▶ _What to produce_: Reply with nothing but the number of lines in the data below where the word "name" occurs.

▼

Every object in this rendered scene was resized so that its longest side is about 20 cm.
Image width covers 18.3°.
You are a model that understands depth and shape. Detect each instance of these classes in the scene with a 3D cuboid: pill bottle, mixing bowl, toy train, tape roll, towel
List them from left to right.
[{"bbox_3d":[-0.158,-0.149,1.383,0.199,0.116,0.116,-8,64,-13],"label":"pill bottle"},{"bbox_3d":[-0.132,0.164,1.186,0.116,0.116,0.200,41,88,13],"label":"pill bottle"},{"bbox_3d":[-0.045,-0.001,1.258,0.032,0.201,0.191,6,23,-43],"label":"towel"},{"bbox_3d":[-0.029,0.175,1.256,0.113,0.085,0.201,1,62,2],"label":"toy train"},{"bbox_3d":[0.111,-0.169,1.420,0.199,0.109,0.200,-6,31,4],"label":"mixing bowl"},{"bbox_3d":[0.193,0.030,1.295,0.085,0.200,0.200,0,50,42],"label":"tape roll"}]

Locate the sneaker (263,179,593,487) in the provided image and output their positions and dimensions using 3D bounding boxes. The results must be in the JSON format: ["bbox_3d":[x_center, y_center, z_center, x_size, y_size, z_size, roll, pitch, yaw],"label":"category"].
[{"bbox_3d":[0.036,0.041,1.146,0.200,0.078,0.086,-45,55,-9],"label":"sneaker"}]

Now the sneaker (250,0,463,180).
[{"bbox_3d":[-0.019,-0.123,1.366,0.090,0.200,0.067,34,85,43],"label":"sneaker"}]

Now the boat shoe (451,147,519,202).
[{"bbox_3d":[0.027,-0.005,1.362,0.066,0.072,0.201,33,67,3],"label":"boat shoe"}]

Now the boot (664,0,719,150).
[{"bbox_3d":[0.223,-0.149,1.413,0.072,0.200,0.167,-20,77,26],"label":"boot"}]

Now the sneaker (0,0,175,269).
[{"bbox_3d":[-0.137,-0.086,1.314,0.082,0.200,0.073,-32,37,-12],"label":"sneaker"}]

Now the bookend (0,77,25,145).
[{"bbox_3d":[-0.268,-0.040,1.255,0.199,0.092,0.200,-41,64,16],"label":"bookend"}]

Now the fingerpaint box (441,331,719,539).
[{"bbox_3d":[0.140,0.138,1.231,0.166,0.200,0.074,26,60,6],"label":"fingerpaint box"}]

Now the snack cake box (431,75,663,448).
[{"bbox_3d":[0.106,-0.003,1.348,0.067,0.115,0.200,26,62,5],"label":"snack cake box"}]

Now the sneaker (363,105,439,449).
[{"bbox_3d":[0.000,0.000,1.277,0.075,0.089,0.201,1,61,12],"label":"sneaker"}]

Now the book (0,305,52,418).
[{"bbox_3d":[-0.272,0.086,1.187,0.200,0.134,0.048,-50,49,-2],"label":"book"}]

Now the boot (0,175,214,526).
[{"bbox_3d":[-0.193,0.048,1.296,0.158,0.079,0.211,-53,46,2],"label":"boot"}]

▲
▼

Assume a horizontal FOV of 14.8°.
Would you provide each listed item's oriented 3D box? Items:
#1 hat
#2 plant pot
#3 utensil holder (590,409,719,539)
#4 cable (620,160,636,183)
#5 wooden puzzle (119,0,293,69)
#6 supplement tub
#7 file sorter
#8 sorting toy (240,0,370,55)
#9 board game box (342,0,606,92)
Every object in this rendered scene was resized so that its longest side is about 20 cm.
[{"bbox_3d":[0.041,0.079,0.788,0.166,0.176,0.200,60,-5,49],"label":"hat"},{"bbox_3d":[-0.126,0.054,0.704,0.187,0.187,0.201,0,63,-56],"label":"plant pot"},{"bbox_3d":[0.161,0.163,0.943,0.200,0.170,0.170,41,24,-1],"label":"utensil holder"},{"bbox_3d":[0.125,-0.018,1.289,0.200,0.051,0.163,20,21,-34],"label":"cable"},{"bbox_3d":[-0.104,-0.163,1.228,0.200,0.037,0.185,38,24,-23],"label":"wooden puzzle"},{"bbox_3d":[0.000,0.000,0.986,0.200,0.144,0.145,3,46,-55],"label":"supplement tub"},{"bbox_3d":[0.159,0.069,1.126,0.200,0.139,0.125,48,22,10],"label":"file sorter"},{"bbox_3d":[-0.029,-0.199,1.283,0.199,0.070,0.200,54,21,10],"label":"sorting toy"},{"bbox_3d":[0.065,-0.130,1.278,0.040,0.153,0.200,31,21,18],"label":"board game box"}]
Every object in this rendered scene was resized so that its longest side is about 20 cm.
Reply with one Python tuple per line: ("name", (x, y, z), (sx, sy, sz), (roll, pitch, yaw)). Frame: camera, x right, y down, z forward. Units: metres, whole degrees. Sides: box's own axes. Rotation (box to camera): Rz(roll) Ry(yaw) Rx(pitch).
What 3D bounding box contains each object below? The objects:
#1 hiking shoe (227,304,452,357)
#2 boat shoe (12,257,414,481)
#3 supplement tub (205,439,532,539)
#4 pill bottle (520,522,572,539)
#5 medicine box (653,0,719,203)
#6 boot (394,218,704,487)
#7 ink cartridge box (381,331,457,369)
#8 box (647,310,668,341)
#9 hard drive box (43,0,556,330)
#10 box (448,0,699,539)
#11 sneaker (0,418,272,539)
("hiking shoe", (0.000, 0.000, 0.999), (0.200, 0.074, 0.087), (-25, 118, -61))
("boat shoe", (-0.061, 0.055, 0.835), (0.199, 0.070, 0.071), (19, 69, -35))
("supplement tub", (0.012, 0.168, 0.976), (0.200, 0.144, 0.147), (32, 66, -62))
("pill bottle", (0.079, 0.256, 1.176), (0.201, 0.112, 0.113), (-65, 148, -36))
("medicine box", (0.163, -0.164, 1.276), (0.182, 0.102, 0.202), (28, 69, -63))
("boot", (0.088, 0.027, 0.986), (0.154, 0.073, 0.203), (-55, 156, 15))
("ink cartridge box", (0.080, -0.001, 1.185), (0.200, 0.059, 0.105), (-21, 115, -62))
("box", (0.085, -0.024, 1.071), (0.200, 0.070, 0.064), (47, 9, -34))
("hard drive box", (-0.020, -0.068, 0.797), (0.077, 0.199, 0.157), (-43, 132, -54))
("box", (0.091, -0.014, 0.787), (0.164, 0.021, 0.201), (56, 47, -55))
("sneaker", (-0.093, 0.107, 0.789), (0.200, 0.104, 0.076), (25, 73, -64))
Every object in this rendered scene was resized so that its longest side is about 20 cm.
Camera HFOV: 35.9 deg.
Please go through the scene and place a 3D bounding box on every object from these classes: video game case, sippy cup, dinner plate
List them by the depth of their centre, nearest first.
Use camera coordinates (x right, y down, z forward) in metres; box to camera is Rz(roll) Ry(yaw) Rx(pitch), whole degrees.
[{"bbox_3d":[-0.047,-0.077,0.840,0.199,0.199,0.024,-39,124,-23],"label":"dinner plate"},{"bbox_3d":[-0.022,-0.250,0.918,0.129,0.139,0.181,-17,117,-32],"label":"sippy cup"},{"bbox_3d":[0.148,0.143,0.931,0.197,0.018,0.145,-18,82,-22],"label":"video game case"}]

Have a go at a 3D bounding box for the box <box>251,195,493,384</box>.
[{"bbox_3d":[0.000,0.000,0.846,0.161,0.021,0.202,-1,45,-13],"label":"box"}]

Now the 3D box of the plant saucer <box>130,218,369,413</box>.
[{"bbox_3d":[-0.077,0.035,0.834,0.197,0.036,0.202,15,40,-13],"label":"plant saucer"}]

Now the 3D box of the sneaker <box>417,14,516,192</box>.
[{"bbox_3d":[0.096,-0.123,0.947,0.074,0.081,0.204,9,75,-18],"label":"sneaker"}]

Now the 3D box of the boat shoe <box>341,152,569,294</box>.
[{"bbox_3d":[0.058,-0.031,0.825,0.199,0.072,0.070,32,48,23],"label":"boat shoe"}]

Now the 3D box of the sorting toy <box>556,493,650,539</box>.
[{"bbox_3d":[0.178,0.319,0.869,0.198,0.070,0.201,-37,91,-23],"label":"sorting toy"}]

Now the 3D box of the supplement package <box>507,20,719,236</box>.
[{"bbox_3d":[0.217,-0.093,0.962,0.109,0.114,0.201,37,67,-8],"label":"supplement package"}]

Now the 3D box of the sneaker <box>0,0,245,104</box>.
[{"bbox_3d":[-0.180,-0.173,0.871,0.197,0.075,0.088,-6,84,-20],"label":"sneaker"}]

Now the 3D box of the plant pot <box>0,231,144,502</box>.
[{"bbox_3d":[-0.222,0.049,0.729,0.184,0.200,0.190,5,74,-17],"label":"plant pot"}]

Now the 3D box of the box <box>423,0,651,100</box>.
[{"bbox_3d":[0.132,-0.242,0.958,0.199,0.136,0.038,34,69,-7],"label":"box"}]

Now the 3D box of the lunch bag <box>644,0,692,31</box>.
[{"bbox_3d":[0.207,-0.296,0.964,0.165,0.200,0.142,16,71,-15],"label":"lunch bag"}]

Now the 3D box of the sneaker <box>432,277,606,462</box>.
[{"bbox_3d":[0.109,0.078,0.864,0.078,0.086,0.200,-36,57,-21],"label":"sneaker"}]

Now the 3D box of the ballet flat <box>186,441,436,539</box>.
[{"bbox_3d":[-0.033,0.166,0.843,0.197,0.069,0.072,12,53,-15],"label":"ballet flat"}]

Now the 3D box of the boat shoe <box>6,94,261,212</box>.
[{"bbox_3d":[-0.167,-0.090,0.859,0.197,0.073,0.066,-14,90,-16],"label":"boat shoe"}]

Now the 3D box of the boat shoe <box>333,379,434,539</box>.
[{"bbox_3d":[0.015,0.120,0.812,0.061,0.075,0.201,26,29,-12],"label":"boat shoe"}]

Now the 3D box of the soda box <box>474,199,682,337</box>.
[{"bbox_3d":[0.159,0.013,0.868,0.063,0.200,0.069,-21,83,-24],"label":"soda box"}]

▲
▼

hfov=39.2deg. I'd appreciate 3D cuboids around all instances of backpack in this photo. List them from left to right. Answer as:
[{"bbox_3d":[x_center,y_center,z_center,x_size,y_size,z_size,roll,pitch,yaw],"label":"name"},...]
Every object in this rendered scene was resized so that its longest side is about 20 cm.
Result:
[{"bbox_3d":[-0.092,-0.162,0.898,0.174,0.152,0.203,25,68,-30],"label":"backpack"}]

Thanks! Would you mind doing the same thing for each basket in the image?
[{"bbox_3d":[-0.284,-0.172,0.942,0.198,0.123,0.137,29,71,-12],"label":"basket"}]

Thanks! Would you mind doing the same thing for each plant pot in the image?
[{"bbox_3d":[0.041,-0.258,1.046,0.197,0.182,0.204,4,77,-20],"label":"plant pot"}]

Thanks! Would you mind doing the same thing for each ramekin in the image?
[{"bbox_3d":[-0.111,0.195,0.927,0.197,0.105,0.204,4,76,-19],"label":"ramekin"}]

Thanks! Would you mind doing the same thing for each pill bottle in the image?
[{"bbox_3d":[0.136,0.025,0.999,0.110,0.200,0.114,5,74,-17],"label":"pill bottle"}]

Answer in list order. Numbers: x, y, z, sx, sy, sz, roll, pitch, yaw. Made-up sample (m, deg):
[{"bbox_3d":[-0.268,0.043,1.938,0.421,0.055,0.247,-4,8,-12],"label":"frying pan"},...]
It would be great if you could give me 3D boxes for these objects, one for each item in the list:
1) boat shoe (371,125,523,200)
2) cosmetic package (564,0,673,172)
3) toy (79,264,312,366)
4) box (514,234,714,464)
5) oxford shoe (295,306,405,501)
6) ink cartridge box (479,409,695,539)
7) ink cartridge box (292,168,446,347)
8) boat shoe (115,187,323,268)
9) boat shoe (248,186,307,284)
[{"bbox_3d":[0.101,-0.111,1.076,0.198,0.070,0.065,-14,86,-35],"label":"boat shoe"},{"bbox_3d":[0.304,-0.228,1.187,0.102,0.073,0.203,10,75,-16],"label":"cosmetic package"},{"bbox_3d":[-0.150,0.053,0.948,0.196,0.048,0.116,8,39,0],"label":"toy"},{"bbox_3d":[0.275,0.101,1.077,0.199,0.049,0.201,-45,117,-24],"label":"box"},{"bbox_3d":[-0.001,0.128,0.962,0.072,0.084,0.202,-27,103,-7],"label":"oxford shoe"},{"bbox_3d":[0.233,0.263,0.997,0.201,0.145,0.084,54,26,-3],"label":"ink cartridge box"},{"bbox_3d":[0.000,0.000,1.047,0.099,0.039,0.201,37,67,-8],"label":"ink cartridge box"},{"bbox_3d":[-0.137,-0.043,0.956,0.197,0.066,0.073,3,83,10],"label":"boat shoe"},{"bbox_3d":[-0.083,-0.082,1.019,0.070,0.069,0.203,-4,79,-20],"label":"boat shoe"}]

▲

▶ _Solution to this task_: 2